Dogs are proverbially loyal. Many traditional stories emphasise this. Odysseus’ dog Argos recognised his master after all his years away, after waiting for him to return to Ithaca. In Edinburgh, major tourist attractions are the statue and grave of Greyfriars Bobby, a Skye terrier that visited his master’s grave every day for fourteen years. The same story of the dog loyal after death is found all around the world in many versions. For example, it recently found a film representation in the Australian movie, “Red Dog” (the novel that influenced the movie is rather different).

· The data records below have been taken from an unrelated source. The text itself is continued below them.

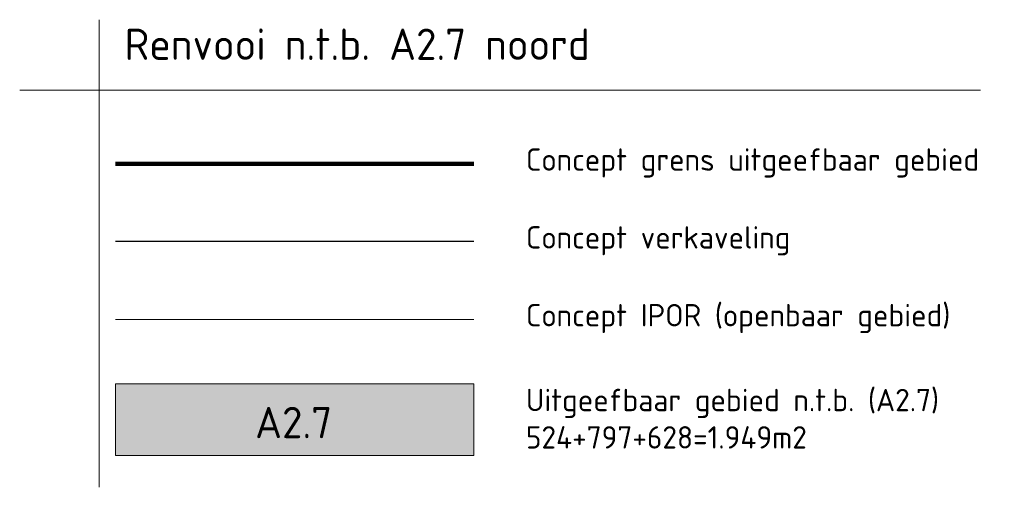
# Model space of a CAD drawing. Header units: metres. Extents: x 103182 to 107392, y 427230 to 428724.
# Tile 38 of 42: x 106357 to 106467, y 427788 to 427840. Entities that reach past the tile are written whole.
import ezdxf

# ---------------------------------------------------------------- set-up
doc = ezdxf.new("R2010")
doc.units = ezdxf.units.M
doc.layers.add('_GEMEENTE_kavels grijs 2.1 zuid', color=8, linetype='KG-KADASTRAAL')
doc.layers.add('_GEMEENTE_uitgifte hatch 2.7 noord', color=7, linetype='Continuous', lineweight=0, true_color=0x83b9ec)
for name, color, linetype, lineweight in [('_SteMar_uitgifte noord', 170, 'Continuous', 30), ('N-WE-VH-VERHARDING-G', 252, 'Continuous', 18), ('X-XX-AL-LEGENDA-G', 7, 'Continuous', 18), ('X-XX-AL-LEGENDA-T25', 7, 'Continuous', 18), ('X-XX-AL-LEGENDA-T35', 7, 'Continuous', 35)]:
    doc.layers.add(name, color=color, linetype=linetype, lineweight=lineweight)
doc.styles.add('NLCS-ISO-M1000-T35', font='NLCS-ISO.ttf', dxfattribs={"height": 3.5})
doc.styles.add('NLCS-ISO-M500-T25', font='NLCS-ISO.ttf', dxfattribs={"height": 1.25})
doc.linetypes.add('KG-KADASTRAAL', pattern='A,5.5,-2,["K",Standard,S=1.8,R=0,X=0,Y=-0.9],-2,5.5,-2,[5,NLCS.SHX,S=0.75,R=0,X=0,Y=0],-2', length=19)

msp = doc.modelspace()

# ---------------------------------------------------------------- hatches: boundary and pattern name
at = {"layer": '_GEMEENTE_uitgifte hatch 2.7 noord', "transparency": 33554687}
h = msp.add_hatch(color=256, dxfattribs=at)
h.dxf.hatch_style = 1
h.paths.add_polyline_path([(106367.626, 427799.116), (106367.626, 427791.116), (106407.626, 427791.116), (106407.626, 427799.116)])

# ---------------------------------------------------------------- linework, layer by layer
at = {"layer": '_GEMEENTE_kavels grijs 2.1 zuid', "ltscale": 0.2}
msp.add_lwpolyline([(106407.626, 427815.005), (106367.626, 427815.005)], dxfattribs=at)
at = {"layer": '_SteMar_uitgifte noord', "ltscale": 0.2, "const_width": 0.5, "flags": 128}
msp.add_lwpolyline([(106407.626, 427823.693), (106367.626, 427823.693)], dxfattribs=at)
at = {"layer": 'N-WE-VH-VERHARDING-G', "ltscale": 0.2, "flags": 128}
msp.add_lwpolyline([(106407.626, 427806.317), (106367.626, 427806.317)], dxfattribs=at)
at = {"layer": 'X-XX-AL-LEGENDA-G', "flags": 128}
for points in [[(106365.802, 427839.784), (106365.802, 427787.571)], [(106356.939, 427831.91), (106464.169, 427831.91)]]:
    msp.add_lwpolyline(points, dxfattribs=at)
msp.add_lwpolyline([(106367.626, 427791.116), (106407.626, 427791.116), (106407.626, 427799.116), (106367.626, 427799.116)], close=True, dxfattribs=at)

# ---------------------------------------------------------------- texts
at = {"layer": 'X-XX-AL-LEGENDA-T25', "style": 'NLCS-ISO-M500-T25'}
for s, p in [('Concept grens uitgeefbaar gebied', (106413.427, 427822.916)), ('Concept verkaveling', (106413.427, 427814.227)), ('Concept IPOR (openbaar gebied)', (106413.427, 427805.539))]:
    msp.add_text(s, height=2.5, dxfattribs=at).set_placement(p)
at = {"layer": 'X-XX-AL-LEGENDA-T25', "insert": (106413.427, 427798.566), "char_height": 2.5, "width": 88.32175, "attachment_point": 1, "style": 'NLCS-ISO-M500-T25'}
msp.add_mtext('Uitgeefbaar gebied n.t.b. (A2.7)\\P524+797+628=1.949m2', dxfattribs=at)
at = {"layer": 'X-XX-AL-LEGENDA-T35', "style": 'NLCS-ISO-M1000-T35'}
for s, p in [('Renvooi n.t.b. A2.7 noord', (106368.638, 427835.292)), ('A2.7', (106383.207, 427793.056))]:
    msp.add_text(s, height=3.5, dxfattribs=at).set_placement(p)

doc.saveas('drawing.dxf')

The Japanese “Greyfriars Bobby” is Hachikō, an Akita. Hachikō was the dog of Professor Hidesaburō Ueno, Professor of Agriculture at the University of Tokyo. Professor Ueno commuted to work by train, and the dog developed the practice of going to meet him at the railway station on his return. One day, however, Professor Ueno died suddenly on campus and did not return. Thereafter for the nine years until his own death Hachikō would go to the station to wait for the Professor. While Greyfriars Bobby has but one statue, commissioned by Baroness Burdett-Coutts, Hachikō has had several. One was commissioned during his own life; though destroyed for the metal to support the Japanese War effort, a replacement was commissioned after the War, and it stands at the station. Another statue stands outside the Akita dog museum, and, as the dog was born in Ōdate, a further outside its station. An American film version of the story led to a copy at the US railway station where the American movie was filmed. Photographs of photographs of Hachikō also survive, as even does a recording of his bark. And a statue of Hachikō, this time with the Professor, was unveiled by the Tokyo Faculty of Agriculture in 2015, to mark the eightieth anniversary of the death of the dog. The statue stands just inside the No-seimon (gate) of the University of Tokyo’s Hongo Campus, in which the Faculty of Agriculture is situated.

But the fidelity of the dog has a legal-historical interest. The study of legal iconography shows how the fidelity of the dog has been harnessed for a wider significance in law. In Dutch art of the Golden Age dogs feature regularly, fulfilling a variety of symbolic functions, depending on their role in the picture, again, for example, often as symbols of faithfulness. Dogs are also regularly depicted in court rooms in seventeenth-century Dutch art. According to M. A. Becker-Moelands, these portrayals can have two purposes, depending both on where the dogs are situated, and with whom they are associated in the image. They can serve as a symbol of fidelity and reliability, or they can be a symbol of the openness of justice, as they have been able to wander into the court room.